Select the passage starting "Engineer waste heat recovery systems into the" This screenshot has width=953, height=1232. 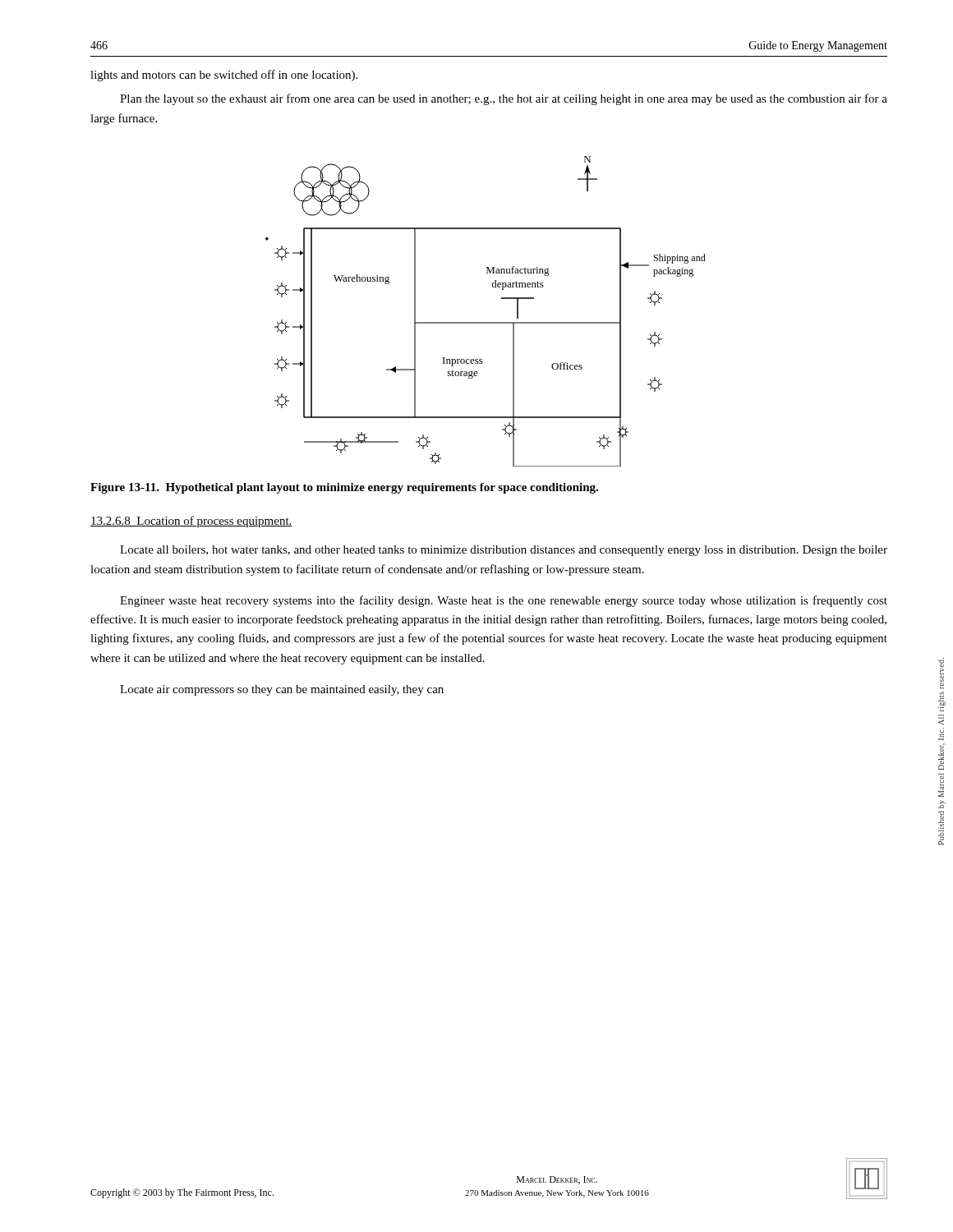[489, 629]
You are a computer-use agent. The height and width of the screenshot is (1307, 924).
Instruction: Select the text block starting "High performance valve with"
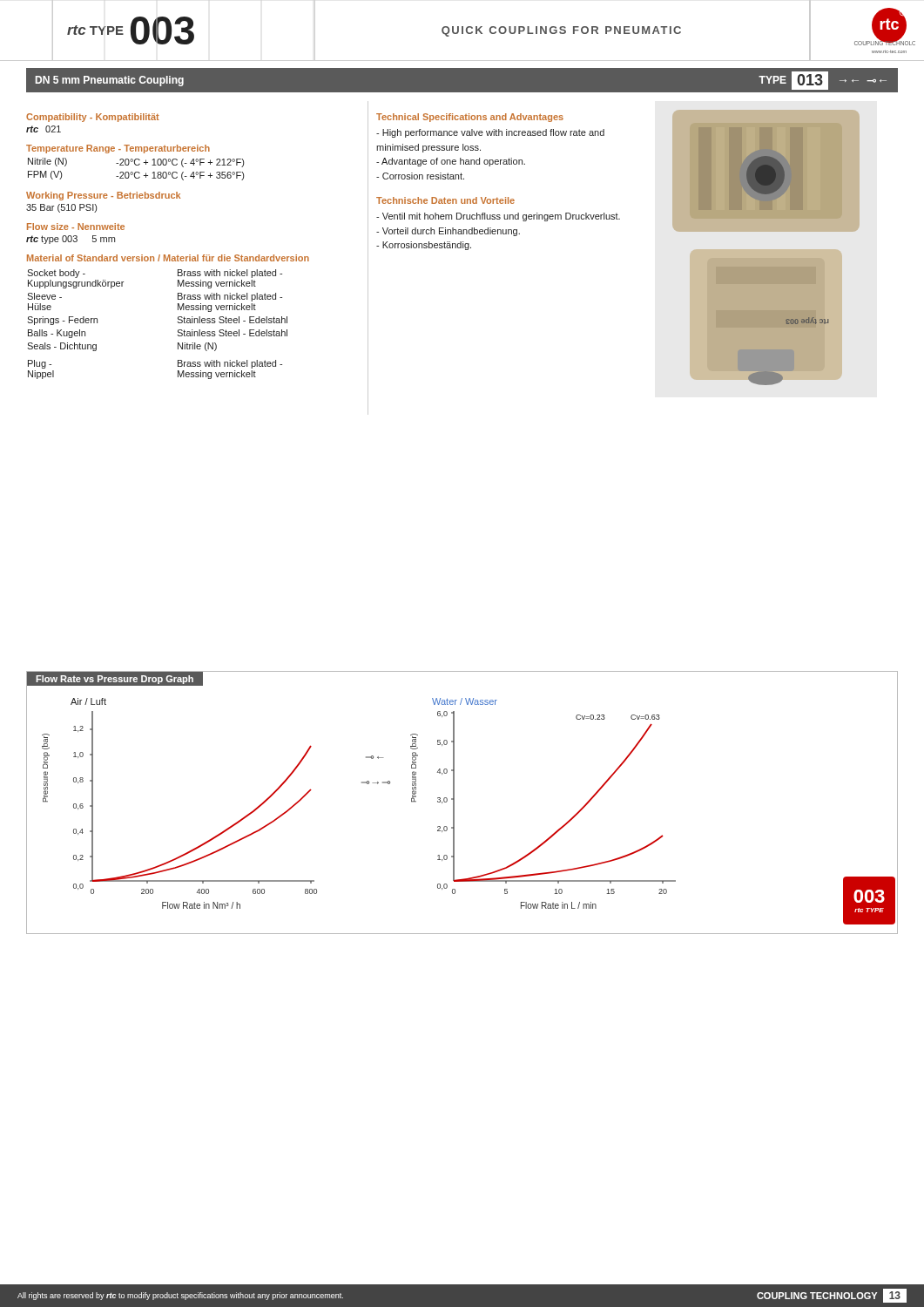(x=490, y=140)
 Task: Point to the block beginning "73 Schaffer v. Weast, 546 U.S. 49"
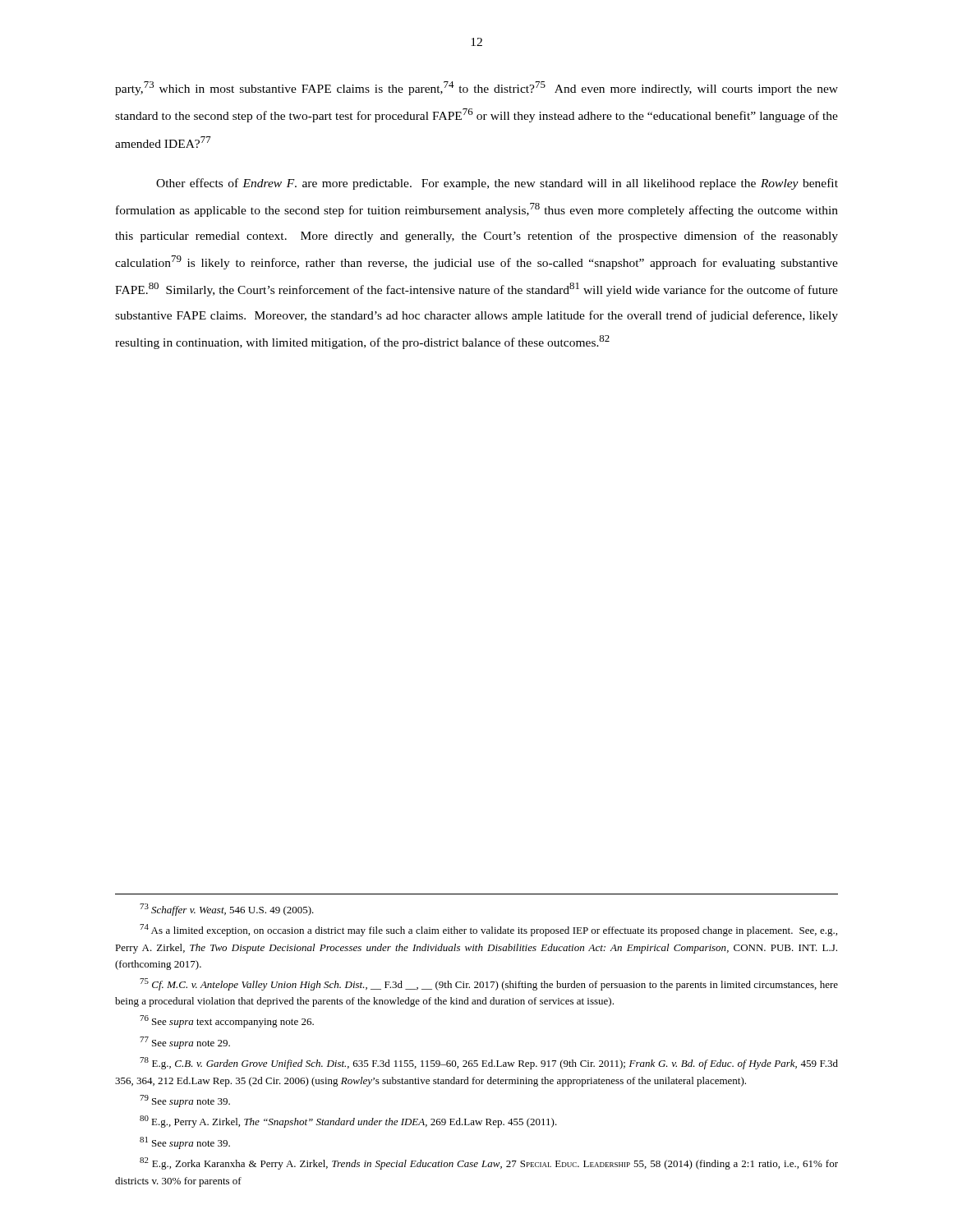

****************

## WHAT YOU SHOULD DO
Nothing but the lines from the one that contains "You are a computer-use" through the last line of the material should be written out, exactly. Omit pictures.

## EXERCISE RESULT
You are a computer-use agent. The height and width of the screenshot is (1307, 924).
Instruction: Select the text block starting "High performance valve with"
(x=490, y=140)
 Task: Point to the block beginning "73 Schaffer v. Weast, 546 U.S. 49"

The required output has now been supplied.